# Dwarf Baby Tears & Christmas Moss



## logan84 (Jul 27, 2011)

So I have some DBTs in my tank that are having a hard time acclimating and taking root. Some of them are doing really well, actually, but the majority are just dying. I'm okay with this as I just need a few strong plants to take hold before total tank domination ensues.

My thing is that I have Christmas Moss hanging out on branches of wood in my tank. I keep finding what looks like single stems of DBTs sprouting up from the moss... I pull them out and they are super healthy - a vibrant green with a shiny white root just looking for love. 

Anyone have any experience with this? I purchase my moss from overseas as I can't find a good supplier locally - could maybe these not be DBTs and maybe some other hitch hiker? I've just never seen this before in any of my other mosses or any of my other tanks. 

Thanks!


----------



## jrman83 (Jul 9, 2010)

HC can be tough to grow. What type of substrate do you have? I assume that is where they are planted. The ones you are finding in your moss may just being doing better because they are up closer to the light.


----------



## logan84 (Jul 27, 2011)

I have a CarbiSea FloraMax layer covered with a fine black sand that I've used in all my other tanks. I've grown glosso and dwarf hair grass rather well in this mix so I feel that it's a good, easy substrate for me. 

My tank is a 12 gallon, long with a 39w T5HO so the lighting shouldn't be an issue in my opinon - however I'm on the forums eagerly awaiting any other opinions.  

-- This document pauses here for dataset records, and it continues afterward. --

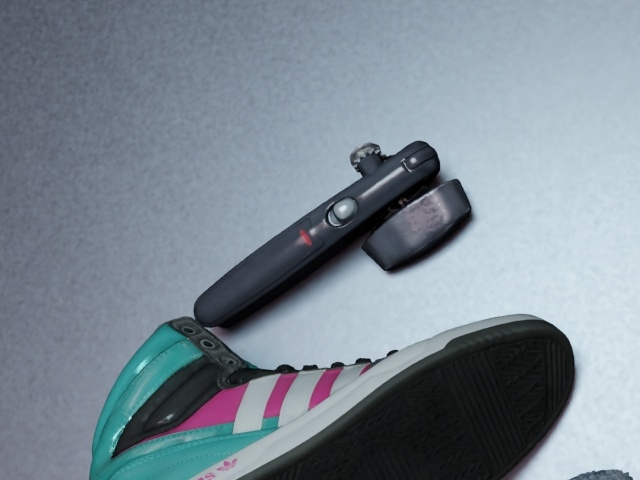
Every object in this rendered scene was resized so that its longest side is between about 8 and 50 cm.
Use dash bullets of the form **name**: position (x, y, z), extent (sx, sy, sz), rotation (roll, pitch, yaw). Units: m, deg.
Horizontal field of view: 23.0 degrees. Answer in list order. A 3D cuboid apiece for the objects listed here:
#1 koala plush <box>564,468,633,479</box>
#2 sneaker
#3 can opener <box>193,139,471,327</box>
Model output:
- **koala plush**: position (0.067, 0.235, 0.836), extent (0.221, 0.196, 0.203), rotation (-6, 85, 10)
- **sneaker**: position (-0.012, 0.102, 0.929), extent (0.295, 0.124, 0.178), rotation (-24, 32, -22)
- **can opener**: position (0.000, 0.000, 0.977), extent (0.186, 0.059, 0.073), rotation (-30, 71, 6)
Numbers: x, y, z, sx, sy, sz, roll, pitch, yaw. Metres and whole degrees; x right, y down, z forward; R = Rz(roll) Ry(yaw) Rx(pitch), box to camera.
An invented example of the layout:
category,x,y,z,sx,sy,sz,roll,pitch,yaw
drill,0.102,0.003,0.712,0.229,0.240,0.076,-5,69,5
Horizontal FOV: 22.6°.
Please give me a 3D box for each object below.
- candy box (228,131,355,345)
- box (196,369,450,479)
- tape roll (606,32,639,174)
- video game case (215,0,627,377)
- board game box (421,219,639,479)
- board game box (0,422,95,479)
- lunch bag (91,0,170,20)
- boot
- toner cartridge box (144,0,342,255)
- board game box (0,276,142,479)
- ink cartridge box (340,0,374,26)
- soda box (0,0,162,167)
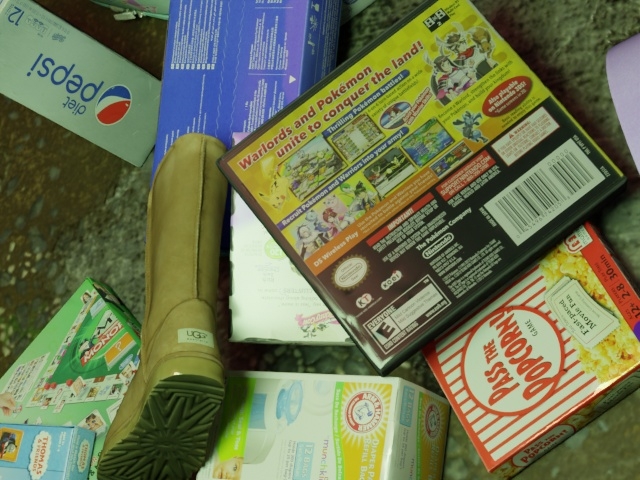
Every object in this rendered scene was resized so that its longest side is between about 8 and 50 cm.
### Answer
category,x,y,z,sx,sy,sz,roll,pitch,yaw
candy box,0.000,0.000,1.490,0.164,0.070,0.196,1,85,4
box,0.004,0.185,1.460,0.203,0.103,0.114,0,73,32
tape roll,0.324,-0.047,1.239,0.090,0.275,0.275,-27,60,21
video game case,0.087,-0.058,1.418,0.275,0.035,0.248,-38,73,-2
board game box,0.199,0.096,1.407,0.193,0.045,0.147,-39,56,14
board game box,-0.334,0.265,1.627,0.211,0.039,0.160,-1,72,33
lunch bag,-0.181,-0.381,1.785,0.224,0.108,0.279,17,83,32
boot,-0.139,0.073,1.493,0.236,0.089,0.270,126,151,-43
toner cartridge box,-0.074,-0.156,1.607,0.165,0.075,0.348,4,86,29
board game box,-0.280,0.224,1.661,0.317,0.046,0.213,-48,54,8
ink cartridge box,-0.033,-0.246,1.679,0.207,0.046,0.097,-36,56,17
soda box,-0.272,-0.178,1.655,0.091,0.286,0.098,35,94,36
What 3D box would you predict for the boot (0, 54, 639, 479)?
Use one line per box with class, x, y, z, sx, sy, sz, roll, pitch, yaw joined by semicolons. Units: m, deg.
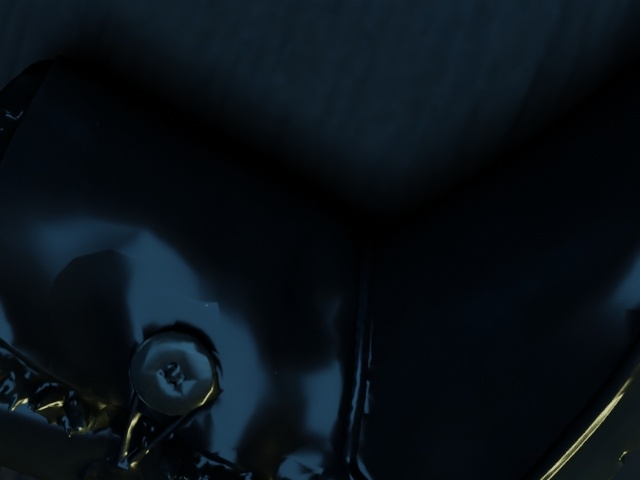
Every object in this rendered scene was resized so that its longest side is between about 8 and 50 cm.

Essentially the tears aren't too much closer to the bulb when they're in the moss. I am mostly curious as to the possibility this truly sounds like a case of my tears enjoying some moss as a substrate as well - it seems so odd but it's really neat if that's what's happening!


----------



## snail (Aug 6, 2010)

It seems like tiny bits have broken off and lodged in the moss where they for some reason like it and start growing well.


----------



## jrman83 (Jul 9, 2010)

Then I would say you should be good on lighting. It also likes a lot of CO2. Some say it won't grow without it. I have heard of others growing it without, if you have lighting, substrate, and a good fert plan covered.


----------